I remember the onslaught of advice as clearly as I remember the feeling of labor pains. Well-wishers encouraged me to “take lots of pictures”, “savor every moment”, and of course, “watch out; they grow up too fast”. And now, I have found myself thinking and, sometimes even saying, these cliched comments as I hold my neighbor’s beautiful, blue-eyed baby or talk to my sister about the ups and downs of her pregnancy. Because what I did not fully realize back then in the blur of newborn days is that, whether I want to accept it or not, those statements are painstakingly true.
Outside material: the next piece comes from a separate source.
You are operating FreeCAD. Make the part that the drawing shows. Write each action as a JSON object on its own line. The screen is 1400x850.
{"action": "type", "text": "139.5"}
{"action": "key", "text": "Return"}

As we were walking up our steep 1939-built basement stairs, I reached for Linnea’s hand, “No Mama, Nea do it by herself. By herself, Mama”. Her repeated comment stung the most, as if she had to clarify her self-reliance. She might as well have declared she just got a tattoo or a boyfriend because in that instance, I was sure my surprise and sadness would have been the same. The baby I birthed, nursed and wore in a backpack was fully merging into an independent little girl, and I was not sure I liked it…
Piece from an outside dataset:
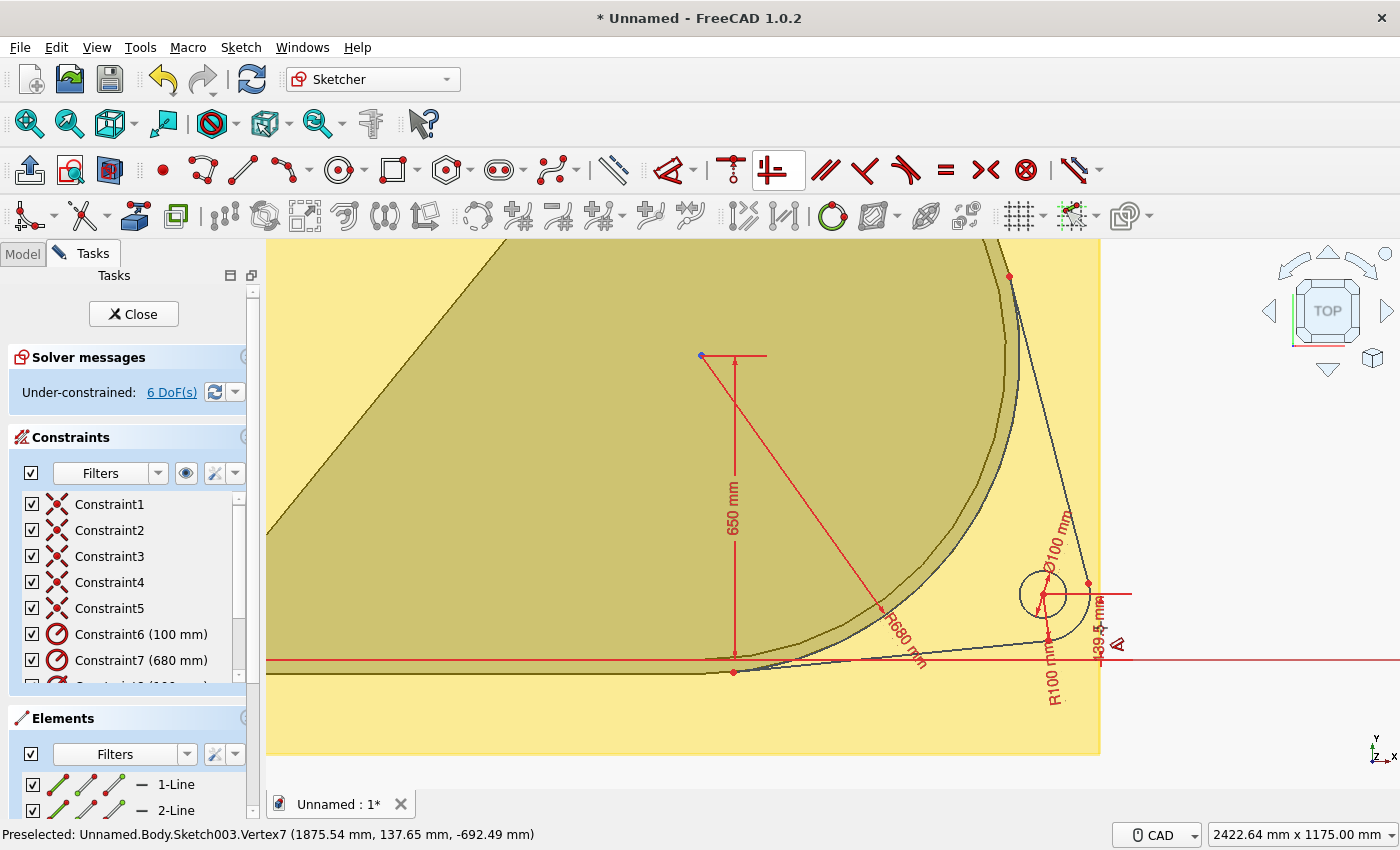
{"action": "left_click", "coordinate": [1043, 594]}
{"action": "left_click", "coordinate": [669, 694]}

Linnea’s age is exerting its influence in ways other than her confidence to take on tasks. A few months ago she declared dinosaurs “scary” after seeing a coloring book with their images. Picture my surprise then when that same little girl expresses sheer excitement about the opportunity to go with her daddy to see their skeletons. L.E. went to the Denver Museum of Nature and Science for the first time on March 6. Photo after photo filled my phone’s memory as I gazed over each one during my lunch break. It was in some of those pictures that it hit me just how far she has come in just over two years. This realization–that I am sure hits every parent at some point–had its proof in one particular text from my husband: Leaning on a sign with long-legs and a tired stare, I saw no baby.
Just this weekend, she decided she no longer wanted to be rocked before her afternoon nap. I looked at her with a tinge of disbelief, and asked if she was sure. She was. I, on the other hand, was not.
When I listen to one of her stories and respond with “Ohhhh”, she insists, “Mama, don’t say ‘Ohhhh’ [insert mocking tone her]. Say ‘Yes’.” Say yes? I began wondering when my toddler daughter began correcting me. I don’t remember there being a chapter in any of my parenting books about how to deal with this milestone.
As much as I want to go back to the days of endless snuggling in the rocking chair, I know there is a lot of of sweet mixed in with the bitter pieces of these memories:
Even though, Linnea did not want my help going up the stairs, she wanted me to play with her as soon as we got to her room. Even though, she looked like such big stuff in those pictures at the museum, Ben said she held his hand firmly the whole time they were there. Even though, she did not want to be rocked, we cuddled in her little bed as she moved the hair out of my eyes and gave me an unsolicited kiss. And even though she corrects me, we get some pretty big belly laughs when we make a joke out of it now.
The truth is, like her newborn days, these days are numbered too. And I will hold onto the sweet as long as I can knowing just how quickly these moments may fade.
Note: This post was inspired by the writing of a good friend, Meg. She recently posted a post entitled, “The Hardest Phase“, which got me thinking about how quickly everything changes.